The Leash

There is a small space between the barbed wire, and a bend in the gate where she hoists herself over. The power lines sew the soft landscape together with a slight buzz, kookaburras stitched in at intervals scoping the ground for a lizard. A single VB bottle floats in the weir. The sky is clear but for the occasional cloud and the ground has seen a little rain. She lives for walks like this. Following the fence along the paddock, she is unprepared for the corral bearded with discarded wire at the top of the hill. A low rumble makes its way through the trees. In the corral bones outline a cow. The horses are so thin they could be wind. The farmer has gone to Europe for the winter, his son owns a house in the next town.
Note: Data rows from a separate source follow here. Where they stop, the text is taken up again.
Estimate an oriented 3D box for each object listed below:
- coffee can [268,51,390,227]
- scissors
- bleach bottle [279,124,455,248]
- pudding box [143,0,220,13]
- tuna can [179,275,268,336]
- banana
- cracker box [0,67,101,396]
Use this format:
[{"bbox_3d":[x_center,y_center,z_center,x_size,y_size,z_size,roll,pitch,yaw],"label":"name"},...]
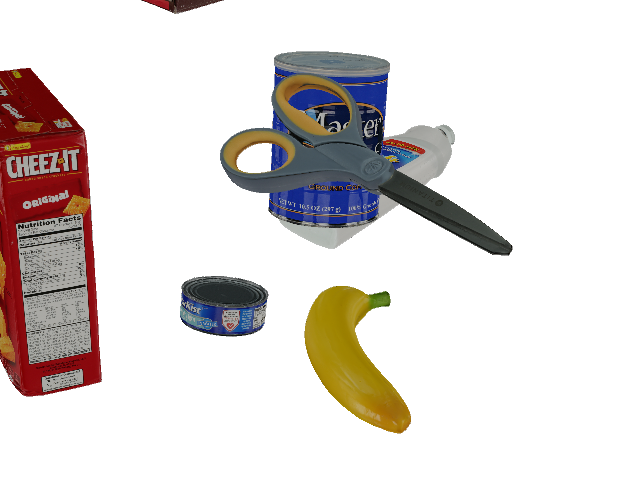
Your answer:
[{"bbox_3d":[0.007,-0.093,0.959,0.103,0.140,0.103,3,18,-1],"label":"coffee can"},{"bbox_3d":[0.011,-0.030,0.582,0.096,0.016,0.202,-31,46,-4],"label":"scissors"},{"bbox_3d":[0.067,-0.081,1.279,0.103,0.068,0.250,28,45,34],"label":"bleach bottle"},{"bbox_3d":[-0.114,-0.216,0.836,0.090,0.039,0.113,25,30,22],"label":"pudding box"},{"bbox_3d":[-0.096,0.064,1.054,0.086,0.034,0.086,7,16,-2],"label":"tuna can"},{"bbox_3d":[0.023,0.076,0.773,0.069,0.037,0.198,-3,24,1],"label":"banana"},{"bbox_3d":[-0.234,-0.009,0.843,0.072,0.214,0.164,-11,29,-25],"label":"cracker box"}]

Last Christmas he left his wife for the bottle, and has never been the same. He shot his neighbour’s dog for trespassing. Neither have seen the bush-lined house for more than a month. Or seen the goat on the ground, chained to the fence, scraping the dirt with legs too weak to get up. The rumble grows louder. Beside the corral there is an open paddock, thick with weeds and patches of grass. The bush beyond is dense and open to the road. The gate is chained shut. She pulls and twists at the chains as the son’s truck skids to a stop. She pulls the gate open just enough. The horses pass at a trot. A shout comes out of the truck. She turns and catches her jeans on a coil of barbed wire. The son walks to the back of the truck. She frees herself and runs for the bush. The son takes his disfigured Rottweiler off its leash.